▶ [Data supplied]:
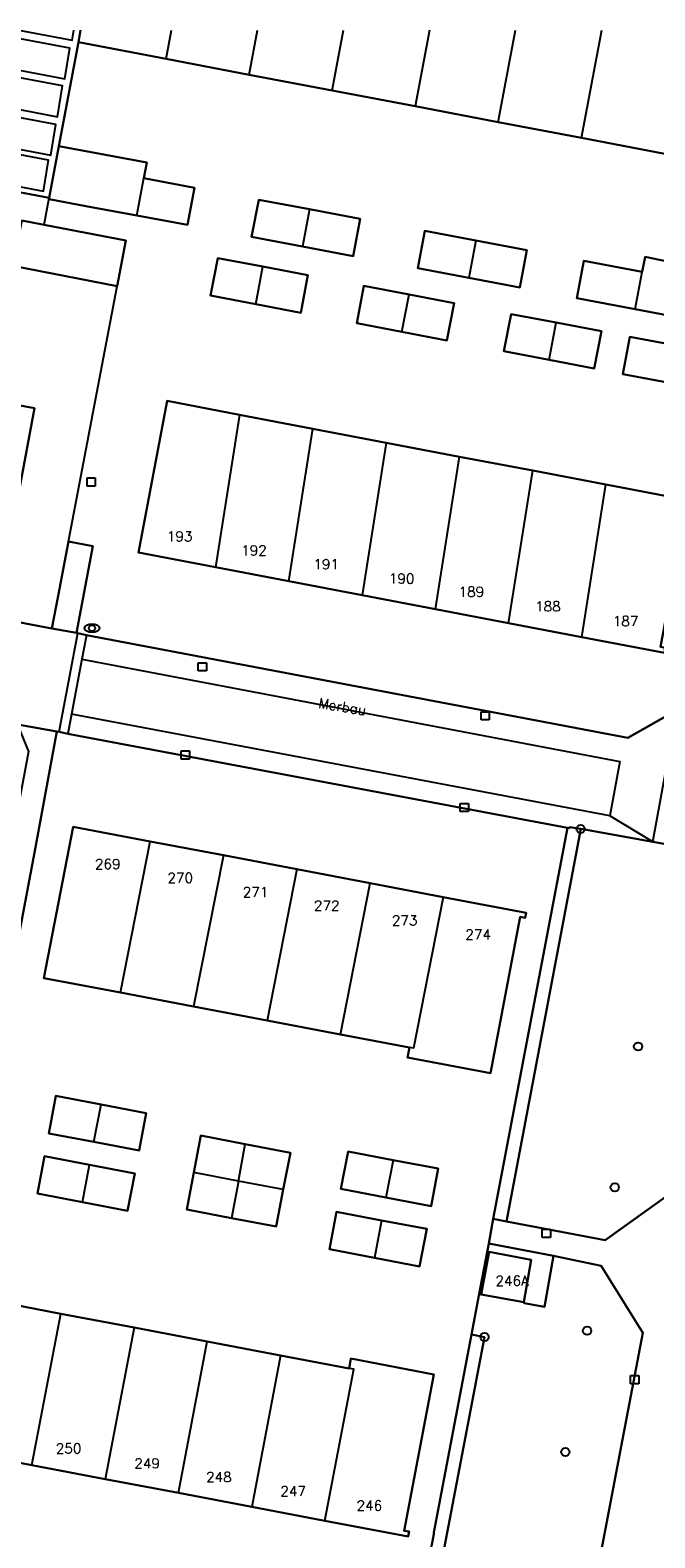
# Model space of a CAD drawing. Header units: metres. Extents: x 108000 to 109000, y 423600 to 424200.
# Tile 56 of 106: x 108507 to 108545, y 424109 to 424200. Entities that reach past the tile are written whole.
import ezdxf

# ---------------------------------------------------------------- set-up
doc = ezdxf.new("R2010")
doc.units = ezdxf.units.M
doc.header["$MEASUREMENT"] = 0
for name, color, linetype in [('Erf', 10, 'Continuous'), ('groenvoorziening', 10, 'Continuous'), ('Hek', 10, 'Continuous'), ('Huisnummers', 10, 'Continuous'), ('kolk', 10, 'Continuous'), ('onverhard', 10, 'Continuous'), ('open verharding', 10, 'Continuous'), ('Openbare_ruimtenaam', 10, 'Continuous'), ('pand', 10, 'Continuous'), ('vegetatieobject', 10, 'Continuous'), ('waterstandmeter', 10, 'Continuous'), ('Wegmarkering', 10, 'Continuous'), ('Woonerf', 10, 'Continuous')]:
    doc.layers.add(name, color=color, linetype=linetype)
doc.styles.get("Standard").update_dxf_attribs({"font": 'txt.shx'})

# ---------------------------------------------------------------- blocks, each defined once
blk = doc.blocks.new('138_ACAD_1_FMEBLOCK62')
at = {"layer": 'Erf', "color": 52, "true_color": 0xd2d200}
for points in [[(21.085, 21.356), (19.481, 12.916), (14.298, 13.901), (9.268, 14.857), (4.24, 15.812), (-0.768, 16.764), (-5.776, 17.716), (-10.784, 18.669), (-15.792, 19.62), (-21.089, 20.627), (-22.264, 14.351), (-16.963, 13.374), (-17.14, 12.42), (-14.089, 11.846), (-14.509, 9.606), (-17.56, 10.17), (-20.629, 10.736), (-22.855, 11.148), (-22.845, 11.232)], [(-21.692, -9.509), (-20.209, -9.791), (-21.2, -15.013), (-21.124, -15.025), (-20.595, -15.155), (12.072, -21.356), (14.978, -19.708), (15.028, -19.71), (16.705, -10.915), (17.477, -6.861), (17.505, -6.713), (22.855, 21.356)]]:
    blk.add_lwpolyline(points, dxfattribs=at)

msp = doc.modelspace()

# ---------------------------------------------------------------- linework, layer by layer
at = {"layer": 'Erf', "color": 52, "true_color": 0xd2d200}
for p, q in [((108508.374, 424189.876), (108492.607, 424192.853)), ((108508.063, 424188.256), (108508.374, 424189.876)), ((108506.713, 424188.515), (108508.063, 424188.256)), ((108509.527, 424169.134), (108512.464, 424184.558))]:
    msp.add_line(p, q, dxfattribs=at)
for points in [[(108520.58, 424187.52), (108521.01, 424189.77), (108524.07, 424189.191), (108527.14, 424188.61), (108526.72, 424186.36), (108523.65, 424186.94), (108520.58, 424187.52)], [(108512.464, 424184.558), (108506.177, 424185.78), (108506.713, 424188.515)], [(108508.063, 424188.256), (108512.996, 424187.31), (108512.464, 424184.558)], [(108530.61, 424185.63), (108531.03, 424187.88), (108534.111, 424187.304), (108537.18, 424186.73), (108536.76, 424184.48), (108533.681, 424185.056), (108530.61, 424185.63)], [(108520.83, 424183.47), (108518.11, 424183.99), (108518.54, 424186.25), (108521.26, 424185.73), (108523.98, 424185.21), (108523.55, 424182.95), (108520.83, 424183.47)], [(108540.2, 424183.83), (108540.62, 424186.08), (108544.14, 424185.419), (108544.321, 424186.319), (108550.972, 424184.938), (108550.429, 424181.847), (108547.22, 424182.5), (108543.719, 424183.163), (108540.2, 424183.83)], [(108529.65, 424181.79), (108526.93, 424182.31), (108527.36, 424184.57), (108530.08, 424184.05), (108532.8, 424183.53), (108532.37, 424181.27), (108529.65, 424181.79)], [(108536.24, 424182.87), (108538.96, 424182.351), (108541.69, 424181.83), (108541.26, 424179.58), (108538.53, 424180.101), (108535.81, 424180.62), (108536.24, 424182.87)], [(108546.64, 424180.89), (108546.21, 424178.63), (108542.98, 424179.25), (108543.41, 424181.5), (108546.64, 424180.89)], [(108501.584, 424178.272), (108507.485, 424177.187), (108505.273, 424165.393), (108499.376, 424166.499), (108501.584, 424178.272)], [(108528.701, 424175.105), (108533.12, 424174.261), (108537.541, 424173.417), (108541.961, 424172.573), (108546.9, 424171.63), (108545.25, 424162.79), (108545.54, 424162.73), (108545.49, 424162.43), (108540.51, 424163.378), (108536.09, 424164.219), (108531.67, 424165.061), (108527.25, 424165.902), (108522.821, 424166.745), (108518.401, 424167.587), (108513.76, 424168.47), (108515.48, 424177.63), (108519.851, 424176.795), (108524.27, 424175.951), (108528.701, 424175.105)], [(108498.212, 424165.851), (108503.967, 424164.76), (108504.483, 424164.663), (108508.527, 424163.896), (108508.905, 424165.867), (108509.527, 424169.134)], [(108533.85, 424121.281), (108534.317, 424123.733), (108534.896, 424126.776), (108535.166, 424128.259), (108539.639, 424151.868), (108509.498, 424157.539), (108508.979, 424157.647), (108508.838, 424157.674), (108507.564, 424150.803), (108501.038, 424116.184), (108499.714, 424109.29), (108499.766, 424109.27), (108500.275, 424109.156), (108530.879, 424103.339), (108530.868, 424103.277), (108531.224, 424103.209), (108531.383, 424104.047), (108531.129, 424104.096), (108530.622, 424104.194), (108531.441, 424108.506), (108531.581, 424109.243), (108531.577, 424109.343), (108533.85, 424121.281)], [(108512.68, 424141.918), (108508.05, 424142.8), (108509.81, 424151.93), (108514.471, 424151.043), (108518.879, 424150.204), (108523.31, 424149.361), (108527.74, 424148.518), (108532.15, 424147.679), (108537.14, 424146.73), (108537.09, 424146.43), (108536.79, 424146.49), (108535, 424137.06), (108529.99, 424138.01), (108530.1, 424138.6), (108525.954, 424139.39), (108521.519, 424140.235), (108517.086, 424141.079), (108512.68, 424141.918)], [(108511.071, 424132.905), (108508.35, 424133.42), (108508.78, 424135.68), (108511.501, 424135.165), (108514.22, 424134.65), (108513.79, 424132.39), (108511.071, 424132.905)], [(108516.67, 424128.83), (108517.09, 424131.06), (108517.51, 424133.29), (108520.2, 424132.778), (108522.92, 424132.26), (108522.495, 424130.029), (108522.07, 424127.8), (108519.371, 424128.315), (108516.67, 424128.83)], [(108510.38, 424129.27), (108507.66, 424129.79), (108508.09, 424132.04), (108510.809, 424131.525), (108513.53, 424131.01), (108513.1, 424128.75), (108510.38, 424129.27)], [(108525.97, 424130.07), (108526.4, 424132.33), (108529.121, 424131.815), (108531.84, 424131.3), (108531.41, 424129.04), (108528.691, 424129.555), (108525.97, 424130.07)], [(108525.28, 424126.43), (108525.71, 424128.69), (108528.429, 424128.175), (108531.15, 424127.66), (108530.72, 424125.4), (108527.999, 424125.915), (108525.28, 424126.43)], [(108507.329, 424113.405), (108502.67, 424114.29), (108504.4, 424123.43), (108509.069, 424122.544), (108513.489, 424121.704), (108517.909, 424120.865), (108522.329, 424120.026), (108526.47, 424119.24), (108526.58, 424119.83), (108531.58, 424118.88), (108529.79, 424109.44), (108530.08, 424109.39), (108530.03, 424109.09), (108525.011, 424110.044), (108520.589, 424110.884), (108516.169, 424111.724), (108511.749, 424112.564), (108507.329, 424113.405)]]:
    msp.add_lwpolyline(points, dxfattribs=at)
at = {"layer": 'groenvoorziening', "color": 3}
for points in [[(108549.554, 424149.584), (108549.107, 424150.24), (108544.784, 424151.015), (108540.439, 424151.793), (108535.952, 424128.109), (108541.913, 424126.973), (108545.813, 424129.785), (108546.169, 424131.824), (108549.554, 424149.584)], [(108544.19, 424121.38), (108541.664, 424125.439), (108538.79, 424126.026), (108538.26, 424122.96), (108537.022, 424123.182), (108537.01, 424123.24), (108534.44, 424123.71), (108534.317, 424123.733), (108533.85, 424121.281), (108534.636, 424121.135), (108532.205, 424108.364), (108531.383, 424104.047), (108531.224, 424103.209), (108535.312, 424102.433), (108538.815, 424101.767), (108540.691, 424103.025), (108544.19, 424121.38)]]:
    msp.add_lwpolyline(points, dxfattribs=at)
at = {"layer": 'Hek', "color": 30}
msp.add_line((108535.166, 424128.259), (108539.639, 424151.868), dxfattribs=at)
msp.add_lwpolyline([(108534.896, 424126.776), (108534.317, 424123.733), (108533.85, 424121.281), (108531.577, 424109.343)], dxfattribs=at)
at = {"layer": 'kolk', "color": 30, "true_color": 0xf07a00}
for p, q in [((108510.653, 424172.479), (108510.653, 424172.979)), ((108510.653, 424172.979), (108511.153, 424172.979)), ((108511.153, 424172.979), (108511.153, 424172.479)), ((108511.153, 424172.479), (108510.653, 424172.479)), ((108517.353, 424161.329), (108517.353, 424161.829)), ((108517.353, 424161.829), (108517.853, 424161.829)), ((108517.853, 424161.329), (108517.353, 424161.329)), ((108517.853, 424161.829), (108517.853, 424161.329)), ((108534.425, 424158.373), (108534.425, 424158.873)), ((108534.425, 424158.873), (108534.925, 424158.873)), ((108534.925, 424158.373), (108534.425, 424158.373)), ((108534.925, 424158.873), (108534.925, 424158.373)), ((108516.332, 424156.012), (108516.332, 424156.512)), ((108516.332, 424156.512), (108516.832, 424156.512)), ((108516.832, 424156.512), (108516.832, 424156.012)), ((108516.832, 424156.012), (108516.332, 424156.012)), ((108533.174, 424152.84), (108533.174, 424153.34)), ((108533.174, 424153.34), (108533.674, 424153.34)), ((108533.674, 424153.34), (108533.674, 424152.84)), ((108533.674, 424152.84), (108533.174, 424152.84)), ((108538.109, 424127.15), (108538.109, 424127.65)), ((108538.109, 424127.65), (108538.609, 424127.65)), ((108538.609, 424127.65), (108538.609, 424127.15)), ((108538.609, 424127.15), (108538.109, 424127.15)), ((108543.449, 424118.305), (108543.449, 424118.805)), ((108543.449, 424118.805), (108543.949, 424118.805)), ((108543.949, 424118.305), (108543.449, 424118.305)), ((108543.949, 424118.805), (108543.949, 424118.305))]:
    msp.add_line(p, q, dxfattribs=at)
at = {"layer": 'onverhard', "color": 255}
for points in [[(108540.439, 424151.793), (108539.77, 424151.913), (108539.746, 424151.848), (108539.639, 424151.868), (108535.166, 424128.259), (108535.952, 424128.109), (108540.439, 424151.793)], [(108532.205, 424108.364), (108534.636, 424121.135), (108533.85, 424121.281), (108531.577, 424109.343), (108531.581, 424109.243), (108531.441, 424108.506)]]:
    msp.add_lwpolyline(points, dxfattribs=at)
at = {"layer": 'open verharding', "color": 255}
for points in [[(108493.946, 424200), (108492.607, 424192.853), (108508.374, 424189.876), (108508.955, 424192.994), (108510.13, 424199.27), (108510.268, 424200)], [(108511.01, 424168.852), (108509.527, 424169.134), (108508.905, 424165.867), (108508.527, 424163.896), (108510.019, 424163.631), (108511.01, 424168.852)], [(108507.564, 424150.803), (108508.838, 424157.674), (108505.451, 424158.283), (108505.431, 424158.152), (108506.516, 424157.941), (108507.116, 424156.471), (108506.17, 424151.415), (108505.472, 424147.934), (108505.503, 424147.927), (108503.938, 424139.663), (108502.363, 424131.35), (108501.701, 424127.862), (108500.137, 424119.567), (108499.473, 424116.078), (108498.221, 424109.58), (108499.714, 424109.29), (108501.038, 424116.184), (108507.564, 424150.803)], [(108534.896, 424126.776), (108534.317, 424123.733), (108534.44, 424123.71), (108534.92, 424126.27), (108537.46, 424125.8), (108537.01, 424123.24), (108537.022, 424123.182), (108538.26, 424122.96), (108538.79, 424126.026), (108534.896, 424126.776)]]:
    msp.add_lwpolyline(points, dxfattribs=at)
at = {"layer": 'pand', "color": 1}
for p, q in [((108515.427, 424198.263), (108515.755, 424200)), ((108520.435, 424197.312), (108520.94, 424200)), ((108525.443, 424196.36), (108526.128, 424200)), ((108531.316, 424200), (108530.451, 424195.408)), ((108535.459, 424194.456), (108536.504, 424200)), ((108540.487, 424193.501), (108541.714, 424200)), ((108515.427, 424198.263), (108520.435, 424197.312)), ((108520.435, 424197.312), (108525.443, 424196.36)), ((108525.443, 424196.36), (108530.451, 424195.408)), ((108530.451, 424195.408), (108535.459, 424194.456)), ((108535.459, 424194.456), (108540.487, 424193.501)), ((108540.487, 424193.501), (108545.517, 424192.545)), ((108513.659, 424188.813), (108514.079, 424191.063)), ((108524.07, 424189.191), (108523.65, 424186.94)), ((108534.111, 424187.304), (108533.681, 424185.056)), ((108520.83, 424183.47), (108521.26, 424185.73)), ((108543.719, 424183.163), (108544.14, 424185.419)), ((108529.65, 424181.79), (108530.08, 424184.05)), ((108538.53, 424180.101), (108538.96, 424182.351)), ((108519.851, 424176.795), (108518.401, 424167.587)), ((108524.27, 424175.951), (108519.851, 424176.795)), ((108522.821, 424166.745), (108524.27, 424175.951)), ((108528.701, 424175.105), (108524.27, 424175.951)), ((108528.701, 424175.105), (108527.25, 424165.902)), ((108533.12, 424174.261), (108528.701, 424175.105)), ((108531.67, 424165.061), (108533.12, 424174.261)), ((108537.541, 424173.417), (108533.12, 424174.261)), ((108536.09, 424164.219), (108537.541, 424173.417)), ((108541.961, 424172.573), (108537.541, 424173.417)), ((108540.51, 424163.378), (108541.961, 424172.573)), ((108518.401, 424167.587), (108522.821, 424166.745)), ((108522.821, 424166.745), (108527.25, 424165.902)), ((108527.25, 424165.902), (108531.67, 424165.061)), ((108531.67, 424165.061), (108536.09, 424164.219)), ((108536.09, 424164.219), (108540.51, 424163.378)), ((108512.68, 424141.918), (108514.471, 424151.043)), ((108518.879, 424150.204), (108514.471, 424151.043)), ((108518.879, 424150.204), (108517.086, 424141.079)), ((108523.31, 424149.361), (108518.879, 424150.204)), ((108523.31, 424149.361), (108521.519, 424140.235)), ((108527.74, 424148.518), (108523.31, 424149.361)), ((108525.954, 424139.39), (108527.74, 424148.518)), ((108532.15, 424147.679), (108527.74, 424148.518)), ((108512.68, 424141.918), (108517.086, 424141.079)), ((108517.086, 424141.079), (108521.519, 424140.235)), ((108521.519, 424140.235), (108525.954, 424139.39)), ((108525.954, 424139.39), (108530.1, 424138.6)), ((108511.071, 424132.905), (108511.501, 424135.165)), ((108519.785, 424130.546), (108520.2, 424132.778)), ((108510.38, 424129.27), (108510.809, 424131.525)), ((108519.785, 424130.546), (108517.09, 424131.06)), ((108529.121, 424131.815), (108528.691, 424129.555)), ((108519.785, 424130.546), (108519.371, 424128.315)), ((108522.495, 424130.029), (108519.785, 424130.546)), ((108528.429, 424128.175), (108527.999, 424125.915)), ((108507.329, 424113.405), (108509.069, 424122.544)), ((108513.489, 424121.704), (108509.069, 424122.544)), ((108513.489, 424121.704), (108511.749, 424112.564)), ((108517.909, 424120.865), (108513.489, 424121.704)), ((108516.169, 424111.724), (108517.909, 424120.865)), ((108522.329, 424120.026), (108517.909, 424120.865)), ((108522.329, 424120.026), (108520.589, 424110.884)), ((108526.47, 424119.24), (108522.329, 424120.026)), ((108507.329, 424113.405), (108511.749, 424112.564)), ((108511.749, 424112.564), (108516.169, 424111.724)), ((108516.169, 424111.724), (108520.589, 424110.884)), ((108520.589, 424110.884), (108525.011, 424110.044))]:
    msp.add_line(p, q, dxfattribs=at)
for points in [[(108510.268, 424200), (108510.13, 424199.27), (108515.427, 424198.263)], [(108514.079, 424191.063), (108514.256, 424192.018), (108508.955, 424192.994), (108508.374, 424189.876), (108508.364, 424189.791), (108510.59, 424189.38), (108513.659, 424188.813)], [(108513.659, 424188.813), (108516.71, 424188.25), (108517.13, 424190.49), (108514.079, 424191.063)], [(108524.07, 424189.191), (108521.01, 424189.77), (108520.58, 424187.52), (108523.65, 424186.94)], [(108506.713, 424188.515), (108506.177, 424185.78), (108512.464, 424184.558), (108512.996, 424187.31), (108508.063, 424188.256), (108506.713, 424188.515)], [(108523.65, 424186.94), (108526.72, 424186.36), (108527.14, 424188.61), (108524.07, 424189.191)], [(108534.111, 424187.304), (108531.03, 424187.88), (108530.61, 424185.63), (108533.681, 424185.056)], [(108533.681, 424185.056), (108536.76, 424184.48), (108537.18, 424186.73), (108534.111, 424187.304)], [(108521.26, 424185.73), (108518.54, 424186.25), (108518.11, 424183.99), (108520.83, 424183.47)], [(108520.83, 424183.47), (108523.55, 424182.95), (108523.98, 424185.21), (108521.26, 424185.73)], [(108544.14, 424185.419), (108540.62, 424186.08), (108540.2, 424183.83), (108543.719, 424183.163)], [(108543.719, 424183.163), (108547.22, 424182.5), (108550.429, 424181.847), (108550.972, 424184.938), (108544.321, 424186.319), (108544.14, 424185.419)], [(108530.08, 424184.05), (108527.36, 424184.57), (108526.93, 424182.31), (108529.65, 424181.79)], [(108529.65, 424181.79), (108532.37, 424181.27), (108532.8, 424183.53), (108530.08, 424184.05)], [(108538.96, 424182.351), (108536.24, 424182.87), (108535.81, 424180.62), (108538.53, 424180.101)], [(108538.53, 424180.101), (108541.26, 424179.58), (108541.69, 424181.83), (108538.96, 424182.351)], [(108546.64, 424180.89), (108543.41, 424181.5), (108542.98, 424179.25), (108546.21, 424178.63), (108546.64, 424180.89)], [(108501.584, 424178.272), (108499.376, 424166.499), (108505.273, 424165.393), (108507.485, 424177.187), (108501.584, 424178.272)], [(108519.851, 424176.795), (108515.48, 424177.63), (108513.76, 424168.47), (108518.401, 424167.587)], [(108540.51, 424163.378), (108545.49, 424162.43), (108545.54, 424162.73), (108545.25, 424162.79), (108546.9, 424171.63), (108541.961, 424172.573)], [(108514.471, 424151.043), (108509.81, 424151.93), (108508.05, 424142.8), (108512.68, 424141.918)], [(108530.1, 424138.6), (108529.99, 424138.01), (108535, 424137.06), (108536.79, 424146.49), (108537.09, 424146.43), (108537.14, 424146.73), (108532.15, 424147.679)], [(108532.15, 424147.679), (108530.36, 424138.56), (108530.1, 424138.6)], [(108511.501, 424135.165), (108508.78, 424135.68), (108508.35, 424133.42), (108511.071, 424132.905)], [(108511.071, 424132.905), (108513.79, 424132.39), (108514.22, 424134.65), (108511.501, 424135.165)], [(108520.2, 424132.778), (108517.51, 424133.29), (108517.09, 424131.06)], [(108510.809, 424131.525), (108508.09, 424132.04), (108507.66, 424129.79), (108510.38, 424129.27)], [(108522.495, 424130.029), (108522.92, 424132.26), (108520.2, 424132.778)], [(108529.121, 424131.815), (108526.4, 424132.33), (108525.97, 424130.07), (108528.691, 424129.555)], [(108510.38, 424129.27), (108513.1, 424128.75), (108513.53, 424131.01), (108510.809, 424131.525)], [(108517.09, 424131.06), (108516.67, 424128.83), (108519.371, 424128.315)], [(108528.691, 424129.555), (108531.41, 424129.04), (108531.84, 424131.3), (108529.121, 424131.815)], [(108519.371, 424128.315), (108522.07, 424127.8), (108522.495, 424130.029)], [(108528.429, 424128.175), (108525.71, 424128.69), (108525.28, 424126.43), (108527.999, 424125.915)], [(108527.999, 424125.915), (108530.72, 424125.4), (108531.15, 424127.66), (108528.429, 424128.175)], [(108537.01, 424123.24), (108537.46, 424125.8), (108534.92, 424126.27), (108534.44, 424123.71), (108537.01, 424123.24)], [(108509.069, 424122.544), (108504.4, 424123.43), (108502.67, 424114.29), (108507.329, 424113.405)], [(108525.011, 424110.044), (108530.03, 424109.09), (108530.08, 424109.39), (108529.79, 424109.44), (108531.58, 424118.88), (108526.58, 424119.83), (108526.47, 424119.24)], [(108525.011, 424110.044), (108526.75, 424119.19), (108526.47, 424119.24)]]:
    msp.add_lwpolyline(points, dxfattribs=at)
at = {"layer": 'vegetatieobject', "color": 3}
for centre in [(108540.439, 424151.793), (108543.902, 424138.667), (108542.496, 424130.166), (108534.636, 424121.135), (108540.825, 424121.512), (108539.512, 424114.197)]:
    msp.add_circle(centre, 0.25, dxfattribs=at)
at = {"layer": 'waterstandmeter', "color": 2}
msp.add_circle((108510.959, 424163.913), 0.188, dxfattribs=at)
msp.add_ellipse((108510.959, 424163.913), major_axis=(0.45, 0), ratio=0.583333, dxfattribs=at)
at = {"layer": 'Wegmarkering', "color": 255}
for points in [[(108504.842, 424197.903), (108509.316, 424197.055), (108509.614, 424198.915), (108505.212, 424199.746), (108504.842, 424197.903)], [(108506.538, 424200), (108509.762, 424199.389), (108509.86, 424200)], [(108504.403, 424195.627), (108508.877, 424194.779), (108509.175, 424196.639), (108504.773, 424197.47), (108504.403, 424195.627)], [(108503.995, 424193.298), (108508.469, 424192.45), (108508.767, 424194.31), (108504.365, 424195.141), (108503.995, 424193.298)], [(108503.563, 424191.137), (108508.037, 424190.289), (108508.335, 424192.149), (108503.933, 424192.98), (108503.563, 424191.137)]]:
    msp.add_lwpolyline(points, dxfattribs=at)
at = {"layer": 'Woonerf', "color": 52, "true_color": 0xd2d200}
for p, q in [((108508.979, 424157.647), (108510.095, 424163.618)), ((108510.624, 424163.489), (108510.095, 424163.618)), ((108510.624, 424163.489), (108510.347, 424162.042)), ((108510.347, 424162.042), (108509.716, 424158.715)), ((108509.716, 424158.715), (108509.498, 424157.539)), ((108542.188, 424152.587), (108509.716, 424158.715)), ((108544.784, 424151.015), (108546.247, 424158.933)), ((108508.979, 424157.647), (108509.498, 424157.539)), ((108544.784, 424151.015), (108542.188, 424152.587))]:
    msp.add_line(p, q, dxfattribs=at)
for points in [[(108510.095, 424163.618), (108510.019, 424163.631), (108508.527, 424163.896), (108504.483, 424164.663)], [(108546.247, 424158.933), (108546.197, 424158.936), (108543.291, 424157.287), (108510.624, 424163.489)], [(108510.347, 424162.042), (108542.799, 424155.871), (108542.188, 424152.587)], [(108503.374, 424158.793), (108505.427, 424158.409), (108505.41, 424158.29), (108505.451, 424158.283), (108508.838, 424157.674), (108508.979, 424157.647)], [(108509.498, 424157.539), (108539.639, 424151.868), (108539.746, 424151.848), (108539.77, 424151.913), (108540.439, 424151.793), (108544.784, 424151.015)], [(108544.784, 424151.015), (108549.107, 424150.24), (108549.554, 424149.584), (108546.169, 424131.824), (108545.813, 424129.785), (108541.913, 424126.973), (108535.952, 424128.109), (108535.166, 424128.259), (108534.896, 424126.776), (108538.79, 424126.026), (108541.664, 424125.439), (108544.19, 424121.38), (108540.691, 424103.025), (108538.815, 424101.767), (108535.312, 424102.433)]]:
    msp.add_lwpolyline(points, dxfattribs=at)

# ---------------------------------------------------------------- block references
at = {"layer": 'Erf', "color": 52, "true_color": 0xd2d200}
msp.add_blockref('138_ACAD_1_FMEBLOCK62', (108531.219, 424178.644), dxfattribs=at)

# ---------------------------------------------------------------- texts
at = {"layer": 'Huisnummers', "color": 255}
for s, p in [('193', (108515.47, 424169.152)), ('192', (108519.953, 424168.3)), ('191', (108524.307, 424167.473)), ('190', (108528.866, 424166.607)), ('189', (108533.07, 424165.807)), ('188', (108537.687, 424164.931)), ('187', (108542.377, 424164.04)), ('269', (108511.131, 424149.377)), ('270', (108515.505, 424148.545)), ('271', (108520.048, 424147.682)), ('272', (108524.344, 424146.867)), ('273', (108529.045, 424145.974)), ('274', (108533.479, 424145.13)), ('246A', (108535.297, 424124.231)), ('250', (108508.771, 424114.111)), ('249', (108513.509, 424113.211)), ('248', (108517.837, 424112.389)), ('247', (108522.317, 424111.536)), ('246', (108526.918, 424110.661))]:
    msp.add_text(s, height=0.6, dxfattribs=at).set_placement(p)
at = {"layer": 'Openbare_ruimtenaam', "color": 255}
msp.add_text('Merbau', height=0.6, rotation=350.8, dxfattribs=at).set_placement((108524.588, 424159.108))

doc.saveas('drawing.dxf')

▶ [Exercise aim]: Only the lines from the top of the data through the line with "import ezdxf" should be quoted, exactly and with both ends kept; skip the pictures.

▶ [Answer box]:
# Model space of a CAD drawing. Header units: metres. Extents: x 108000 to 109000, y 423600 to 424200.
# Tile 56 of 106: x 108507 to 108545, y 424109 to 424200. Entities that reach past the tile are written whole.
import ezdxf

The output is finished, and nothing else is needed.